ABOUT THIS TASK — Write each entry out again verbatim, pictures excluded.

DATASET CONTENT —
-- Opening Marker --
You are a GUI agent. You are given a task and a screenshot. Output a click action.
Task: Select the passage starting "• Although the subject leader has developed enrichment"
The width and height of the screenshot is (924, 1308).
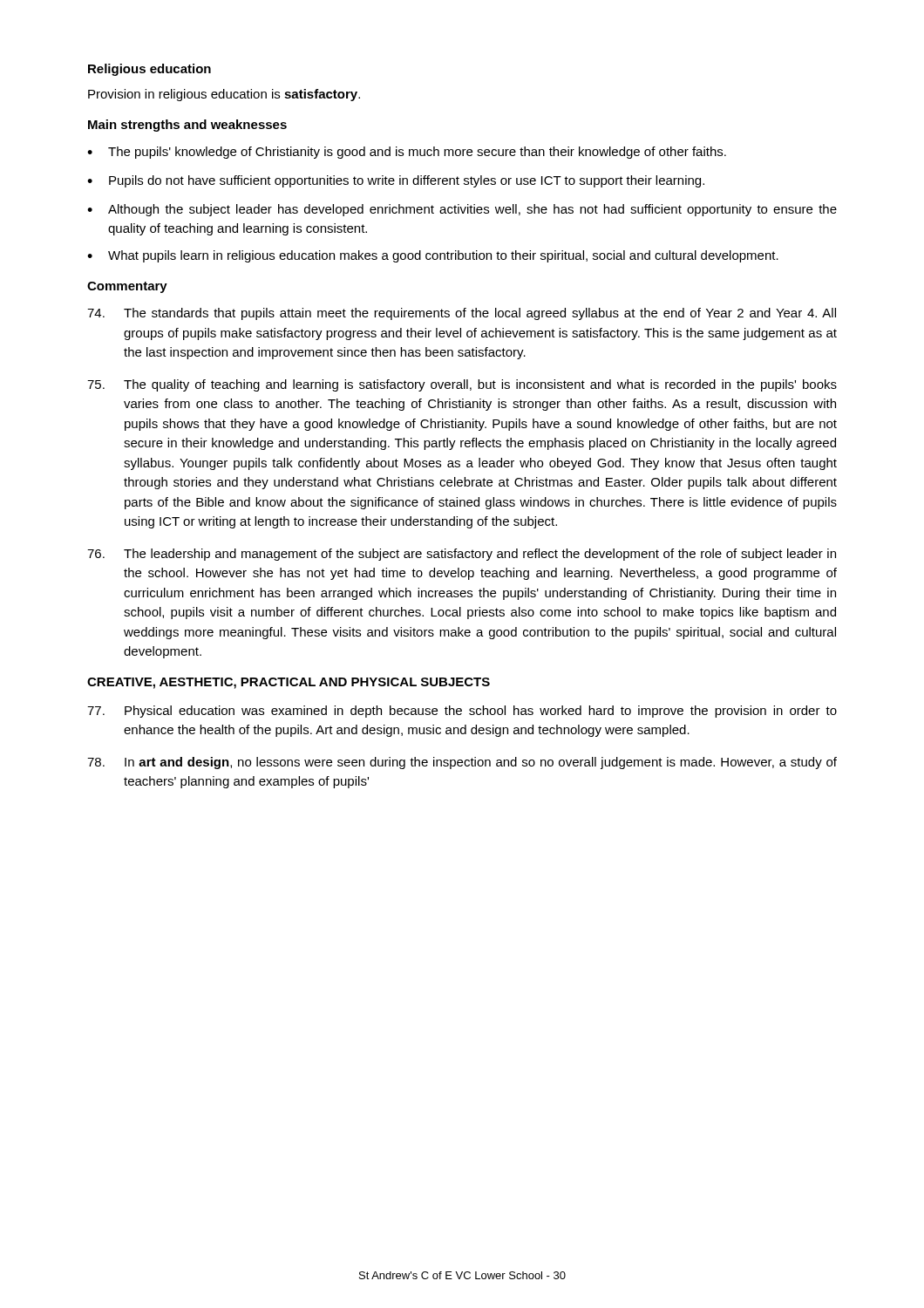coord(462,219)

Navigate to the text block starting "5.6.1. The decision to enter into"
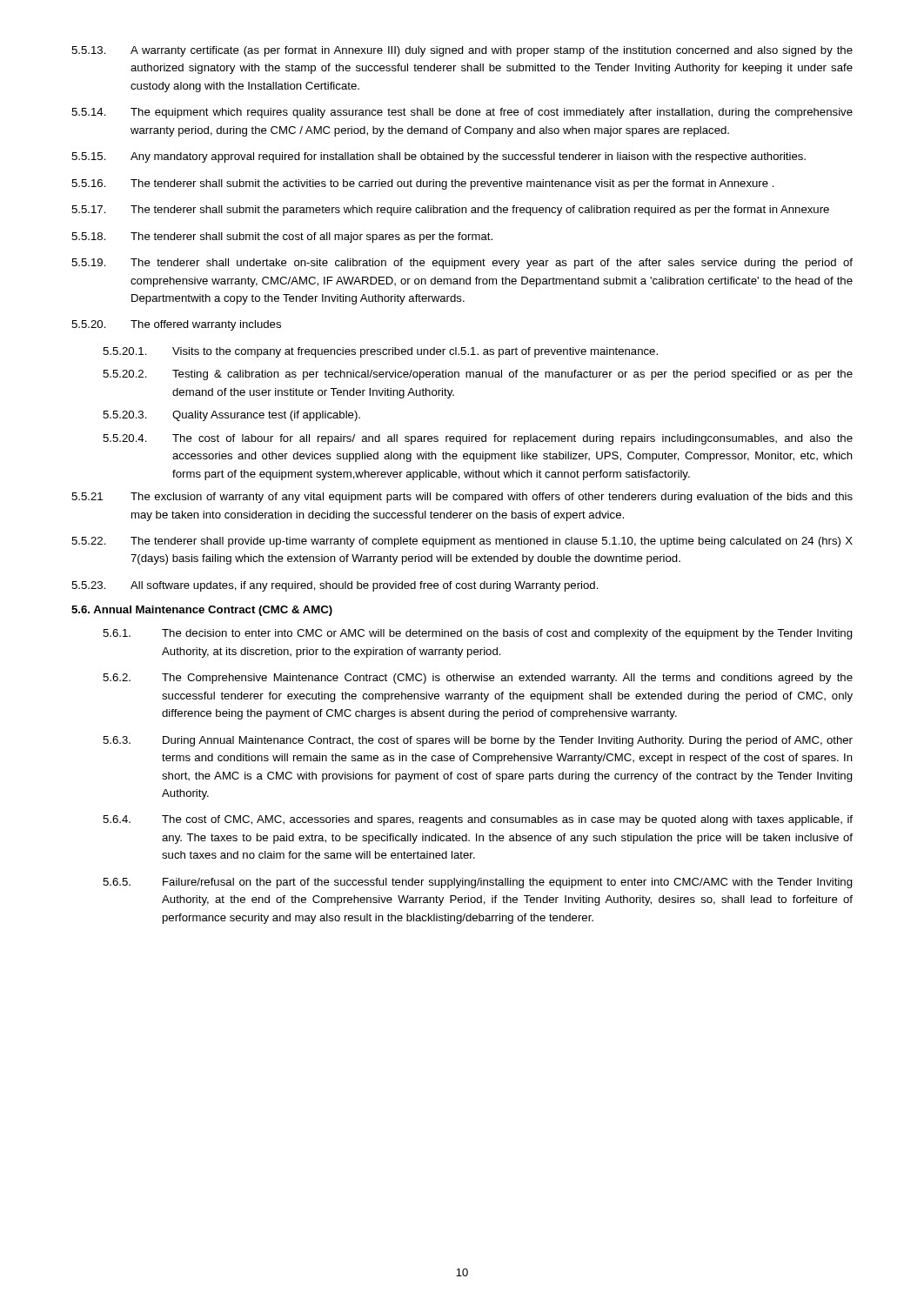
-- Closing Marker --
SOLUTION FOR THIS PROBLEM —
You are a GUI agent. You are given a task and a screenshot. Output a click action.
Task: Select the passage starting "• Although the subject leader has developed enrichment"
The width and height of the screenshot is (924, 1308).
coord(462,219)

Navigate to the text block starting "5.6.1. The decision to enter into"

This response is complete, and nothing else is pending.